As more countries express interest in joining BRICS, there are likely to be many challenges for its members. 

First, the NDB is at least a decade from bypassing Western sanctions against Russia. To assuage investor concerns, the NDB suspended its financial involvement with Russia in March 2022 and has also stopped financing new projects in the country.

Second, there are territorial rivalries among the BRICS (China and India, for instance) that may hamstring the group.

Third, except for India, none of the other BRICS countries have the same rosy economic prospects they enjoyed at the group’s inception in 2009. 

Fourth, the NDB has relatively little to show in terms of investments. Since 2015, it has funded about 96 projects to the tune of US$33 billion, compared with the World Bank’s disbursal of almost $67 billion for the year ending June 2022.

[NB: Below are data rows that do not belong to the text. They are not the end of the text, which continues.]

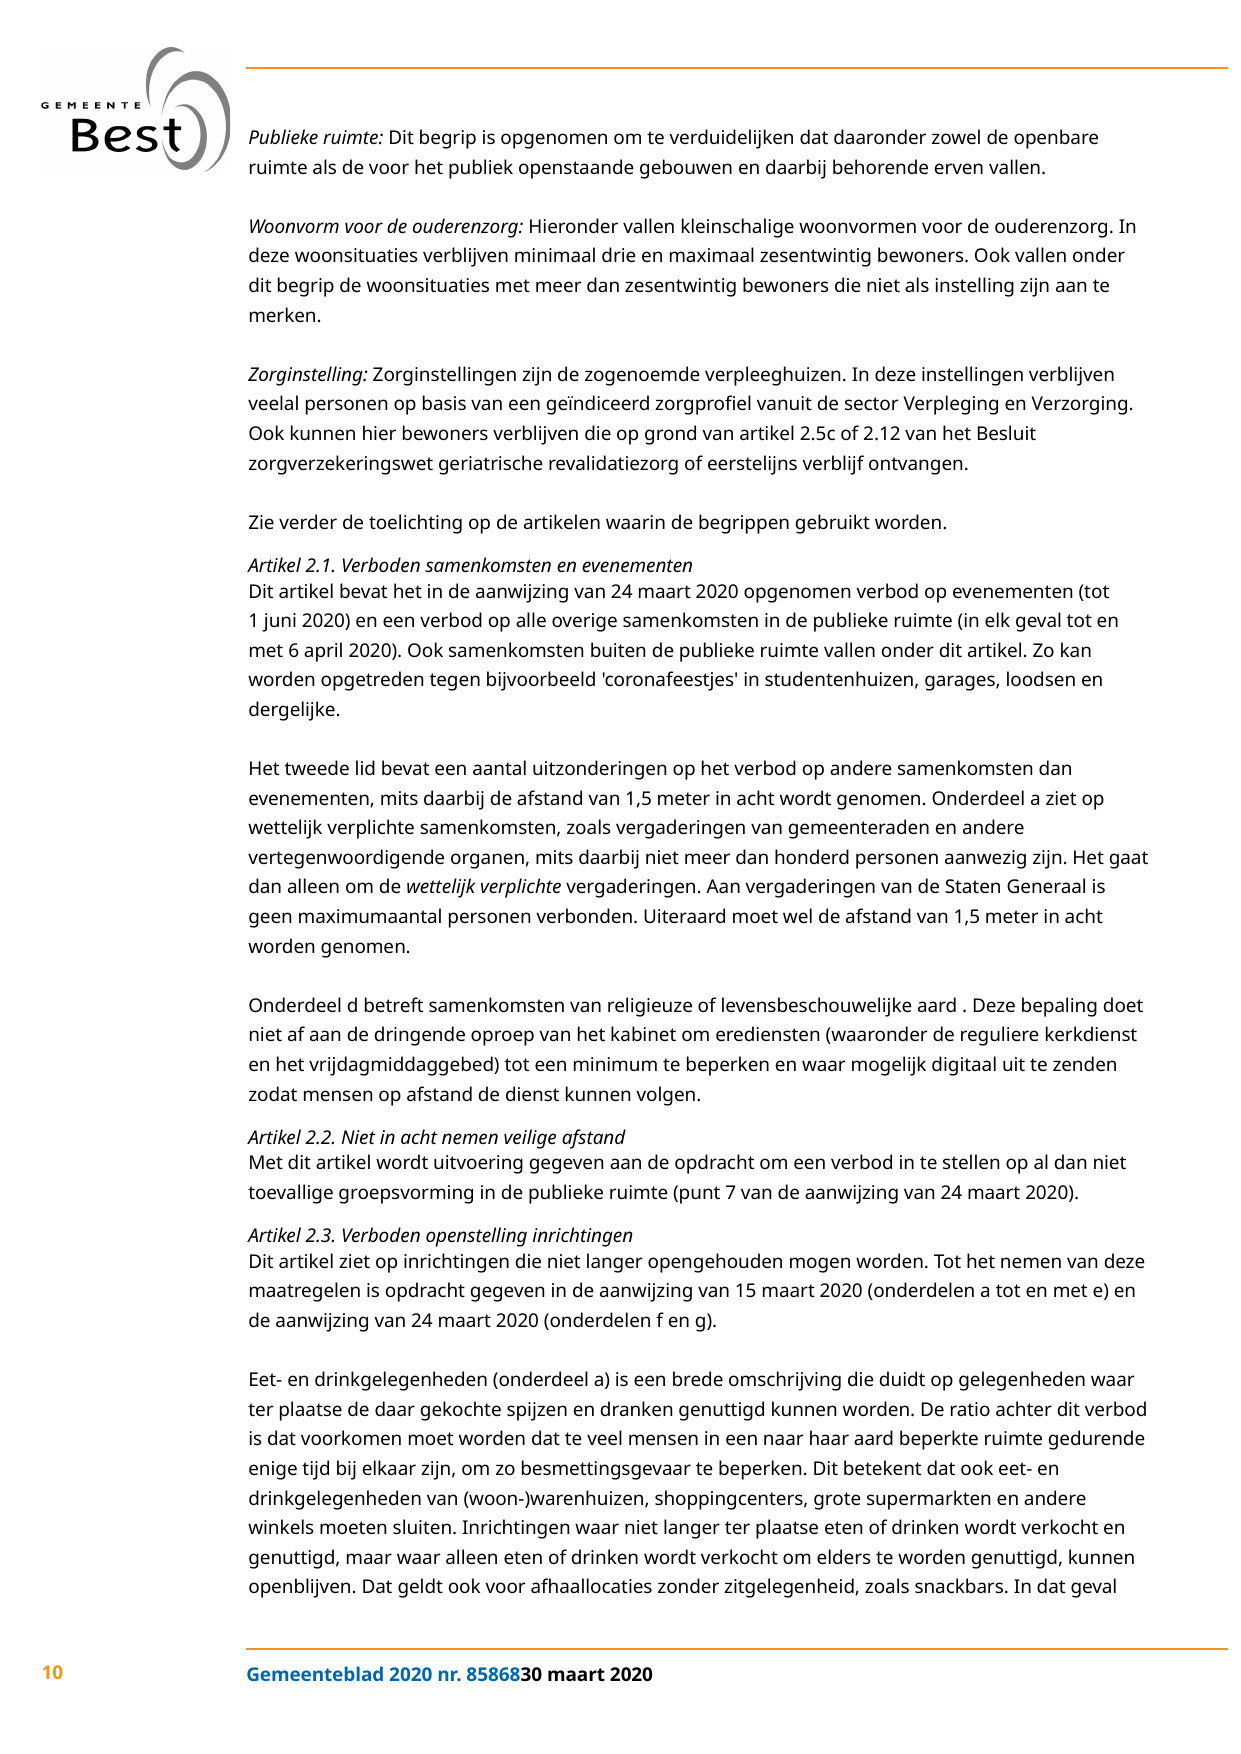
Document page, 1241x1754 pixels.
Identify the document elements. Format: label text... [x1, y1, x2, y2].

text Zie verder de toelichting op de artikelen waarin de begrippen gebruikt worden. [248, 509, 1152, 535]
text Dit artikel bevat het in de aanwijzing van 24 maart 2020 opgenomen verbod op evenementen (tot 1 juni 2020) en een verbod op alle overige samenkomsten in de publieke ruimte (in elk geval tot en met 6 april 2020). Ook samenkomsten buiten de publieke ruimte vallen onder dit artikel. Zo kan worden opgetreden tegen bijvoorbeeld 'coronafeestjes' in studentenhuizen, garages, loodsen en dergelijke. [248, 578, 1152, 722]
text Artikel 2.2. Niet in acht nemen veilige afstand [248, 1124, 1152, 1149]
text Eet- en drinkgelegenheden (onderdeel a) is een brede omschrijving die duidt op gelegenheden waar ter plaatse de daar gekochte spijzen en dranken genuttigd kunnen worden. De ratio achter dit verbod is dat voorkomen moet worden dat te veel mensen in een naar haar aard beperkte ruimte gedurende enige tijd bij elkaar zijn, om zo besmettingsgevaar te beperken. Dit betekent dat ook eet- en drinkgelegenheden van (woon-)warenhuizen, shoppingcenters, grote supermarkten en andere winkels moeten sluiten. Inrichtingen waar niet langer ter plaatse eten of drinken wordt verkocht en genuttigd, maar waar alleen eten of drinken wordt verkocht om elders te worden genuttigd, kunnen openblijven. Dat geldt ook voor afhaallocaties zonder zitgelegenheid, zoals snackbars. In dat geval [248, 1366, 1152, 1599]
text Woonvorm voor de ouderenzorg: Hieronder vallen kleinschalige woonvormen voor de ouderenzorg. In deze woonsituaties verblijven minimaal drie en maximaal zesentwintig bewoners. Ook vallen onder dit begrip de woonsituaties met meer dan zesentwintig bewoners die niet als instelling zijn aan te merken. [248, 213, 1152, 328]
picture [41, 47, 231, 172]
text Dit artikel ziet op inrichtingen die niet langer opengehouden mogen worden. Tot het nemen van deze maatregelen is opdracht gegeven in de aanwijzing van 15 maart 2020 (onderdelen a tot en met e) en de aanwijzing van 24 maart 2020 (onderdelen f en g). [248, 1248, 1152, 1333]
text Artikel 2.1. Verboden samenkomsten en evenementen [248, 552, 1152, 578]
text Publieke ruimte: Dit begrip is opgenomen om te verduidelijken dat daaronder zowel de openbare ruimte als de voor het publiek openstaande gebouwen en daarbij behorende erven vallen. [248, 124, 1152, 180]
text Zorginstelling: Zorginstellingen zijn de zogenoemde verpleeghuizen. In deze instellingen verblijven veelal personen op basis van een geïndiceerd zorgprofiel vanuit de sector Verpleging en Verzorging. Ook kunnen hier bewoners verblijven die op grond van artikel 2.5c of 2.12 van het Besluit zorgverzekeringswet geriatrische revalidatiezorg of eerstelijns verblijf ontvangen. [248, 361, 1152, 476]
text Het tweede lid bevat een aantal uitzonderingen op het verbod op andere samenkomsten dan evenementen, mits daarbij de afstand van 1,5 meter in acht wordt genomen. Onderdeel a ziet op wettelijk verplichte samenkomsten, zoals vergaderingen van gemeenteraden en andere vertegenwoordigende organen, mits daarbij niet meer dan honderd personen aanwezig zijn. Het gaat dan alleen om de wettelijk verplichte vergaderingen. Aan vergaderingen van de Staten­ Generaal is geen maximumaantal personen verbonden. Uiteraard moet wel de afstand van 1,5 meter in acht worden genomen. [248, 755, 1152, 958]
text Artikel 2.3. Verboden openstelling inrichtingen [248, 1222, 1152, 1248]
text Onderdeel d betreft samenkomsten van religieuze of levensbeschouwelijke aard . Deze bepaling doet niet af aan de dringende oproep van het kabinet om erediensten (waaronder de reguliere kerkdienst en het vrijdagmiddaggebed) tot een minimum te beperken en waar mogelijk digitaal uit te zenden zodat mensen op afstand de dienst kunnen volgen. [248, 992, 1152, 1106]
text Met dit artikel wordt uitvoering gegeven aan de opdracht om een verbod in te stellen op al dan niet toevallige groepsvorming in de publieke ruimte (punt 7 van de aanwijzing van 24 maart 2020). [248, 1149, 1152, 1205]

Fifth, member countries are separated by vast distances, have different political systems, are not fully complementary on trade, and aren’t fully aligned on geopolitical postures.  

Finally, even on the issue of expansion, there are divergences on criteria among member states. Without resolving these issues, an expanding BRICS (or whatever acronym it transitions to) may collapse under the weight of its own contradictions.

Nonetheless, even as the world watches these developments unfold – with interest or trepidation – the potential BRICS expansion should be interpreted by the West as a message that it cannot advocate for an international geopolitical order or global financial system while also attempting to monopolize the definitions.